When you are asked to find the absolute maximum and minimum values of a function on a given interval, you are essentially looking for the highest and lowest points on the graph of the function over that interval. These points are critical because they highlight the function's top and bottom values within the specified range. Here's how you generally find them:

• Identify all critical points by taking the derivative of the function and setting it equal to zero.
• Check the endpoints of the interval because maximum and minimum values can also occur there.
• Evaluate the function at these points to determine the largest and smallest values.

In our original exercise, we compared the function values at the critical point and endpoints to find that the absolute maximum was at point 4, where the value was 8, and the absolute minimum was at point 1, where the value was -1.

The derivative of a function is a fundamental concept in calculus.
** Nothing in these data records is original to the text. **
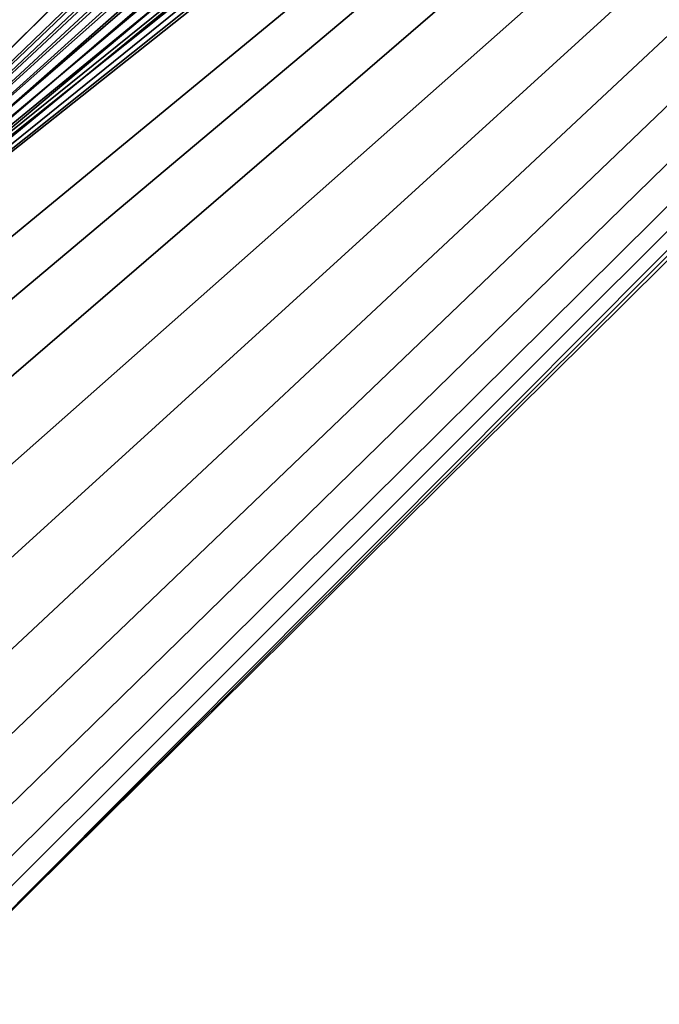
# Model space of a CAD drawing. Header units: metres. Extents: x 0 to 667, y -215 to 49.
# Tile 3 of 10: x 32 to 58, y -198 to -158. Entities that reach past the tile are written whole.
import ezdxf

# ---------------------------------------------------------------- set-up
doc = ezdxf.new("R2010")
doc.units = ezdxf.units.M

msp = doc.modelspace()

# ---------------------------------------------------------------- linework, layer by layer
at = {"layer": 'Y2A67L01'}
for points in [[(178.153732, -18.019377, 1998), (10.203054, -179.964493, 1998), (181.160767, -18.215542, 1998)], [(10.203054, -179.964493, 1998), (178.153732, -18.019377, 1998), (170.052521, -21.619474, 1998)], [(181.160767, -18.215542, 1998), (10.203054, -179.964493, 1998), (184.033463, -19.125635, 1998)], [(184.033463, -19.125635, 1998), (10.203054, -179.964493, 1998), (186.604889, -20.696764, 1998)], [(186.604889, -20.696764, 1998), (10.203054, -179.964493, 1998), (188.725601, -22.837624, 1998)], [(170.052521, -21.619474, 1998), (170.052521, -21.619474, 1992), (10.203054, -179.964493, 1998)], [(170.052521, -21.619474, 1992), (166.849472, -24.792381, 1992), (10.203054, -179.964493, 1998)], [(188.725601, -22.837624, 1998), (10.203054, -179.964493, 1998), (190.272339, -25.42379, 1998)], [(10.203054, -179.964493, 1998), (166.849472, -24.792381, 1992), (13.352166, -176.845032, 1992)], [(166.849472, -30.5, 1992), (13.352166, -176.845032, 1992), (166.849472, -24.792381, 1992)], [(190.272339, -25.42379, 1998), (10.203054, -179.964493, 1998), (191.155228, -28.30497, 1998)], [(191.155228, -28.30497, 1998), (10.203054, -179.964493, 1998), (191.322952, -31.313715, 1998)], [(167.198166, -33.371788, 1992), (13.352166, -176.845032, 1992), (166.849472, -30.5, 1992)], [(191.322952, -31.313715, 1998), (10.203054, -179.964493, 1998), (190.765762, -34.275169, 1998)], [(168.223999, -36.076679, 1992), (13.352166, -176.845032, 1992), (167.198166, -33.371788, 1992)], [(190.765762, -34.275169, 1998), (10.203054, -179.964493, 1998), (189.516037, -37.017227, 1998)], [(169.86734, -38.457474, 1992), (13.352166, -176.845032, 1992), (168.223999, -36.076679, 1992)], [(189.516037, -37.017227, 1998), (10.203054, -179.964493, 1998), (187.646408, -39.380527, 1998)], [(172.0327, -40.375805, 1992), (13.352166, -176.845032, 1992), (169.86734, -38.457474, 1992)], [(187.646408, -39.380527, 1998), (10.203054, -179.964493, 1998), (27.796946, -197.725555, 1998)], [(187.646408, -39.380527, 1992), (187.646408, -39.380527, 1998), (27.796946, -197.725555, 1992)], [(187.646408, -39.380527, 1998), (27.796946, -197.725555, 1998), (27.796946, -197.725555, 1992)], [(27.796946, -197.725555, 1992), (185.666245, -40.375805, 1992), (187.646408, -39.380527, 1992)], [(174.594208, -41.720196, 1992), (13.352166, -176.845032, 1992), (172.0327, -40.375805, 1992)], [(185.666245, -40.375805, 1992), (27.796946, -197.725555, 1992), (183.104721, -41.720196, 1992)], [(177.40303, -42.412506, 1992), (13.352166, -176.845032, 1992), (174.594208, -41.720196, 1992)], [(13.352166, -176.845032, 1992), (183.104721, -41.720196, 1992), (19, -176.845032, 1992)], [(183.104721, -41.720196, 1992), (13.352166, -176.845032, 1992), (180.295914, -42.412506, 1992)], [(183.104721, -41.720196, 1992), (21.871788, -177.193726, 1992), (19, -176.845032, 1992)], [(21.871788, -177.193726, 1992), (183.104721, -41.720196, 1992), (24.576677, -178.219559, 1992)], [(24.576677, -178.219559, 1992), (183.104721, -41.720196, 1992), (26.957472, -179.8629, 1992)], [(26.957472, -179.8629, 1992), (183.104721, -41.720196, 1992), (28.875807, -182.028244, 1992)], [(183.104721, -41.720196, 1992), (27.796946, -197.725555, 1992), (28.875807, -195.661804, 1992)], [(28.875807, -195.661804, 1992), (30.220196, -193.100281, 1992), (183.104721, -41.720196, 1992)], [(28.875807, -182.028244, 1992), (183.104721, -41.720196, 1992), (30.220196, -184.589767, 1992)], [(30.220196, -193.100281, 1992), (30.912506, -190.291458, 1992), (183.104721, -41.720196, 1992)], [(30.220196, -184.589767, 1992), (183.104721, -41.720196, 1992), (30.912506, -187.39859, 1992)], [(30.912506, -187.39859, 1992), (183.104721, -41.720196, 1992), (30.912506, -190.291458, 1992)], [(180.295914, -42.412506, 1992), (13.352166, -176.845032, 1992), (177.40303, -42.412506, 1992)]]:
    msp.add_3dface(points, dxfattribs=at)

doc.saveas('drawing.dxf')

It represents how a function changes as its input changes. More practically, the derivative measures the slope of the tangent line at any point on the graph. Derivatives are crucial for several reasons:

• They help us find critical points, where the slope is zero.
• They provide insights into the behavior of the function, such as increasing or decreasing trends.

In our exercise, we used the power rule to find the derivative of the function \(f(x) = (x-2)^3\). That gave us \(f'(x) = 3(x-2)^2\), which is crucial for identifying critical points and understanding the function's behavior on the interval.

Critical points are where the derivative of a function is zero or undefined. These points are significant because they indicate where the function might have a maximum or minimum value, or where it changes direction. To find critical points:

• Calculate the derivative of the function.
• Set the derivative equal to zero and solve for the variable.
• Check if these points are within the given interval.

In the exercise, we found that the critical point was \(x = 2\) by setting \(f'(x) = 3(x-2)^2\) to zero. Since this point lies within the interval [1, 4], it was included in our evaluation of the function's maximum and minimum values.

A closed interval in calculus is marked by two endpoints where both end values are included in the evaluation. We denote it using square brackets, like \([a, b]\).Working within a closed interval has specific implications:

• Both endpoints must be considered when finding absolute maximum and minimum values.
• The function is evaluated not only at the critical points but also at these boundaries.

In our task, the function \(f(x) = (x-2)^3\) was evaluated on the closed interval [1, 4]. This means we had to calculate the function values at both endpoints, x = 1 and x = 4, in addition to any critical points found within the interval.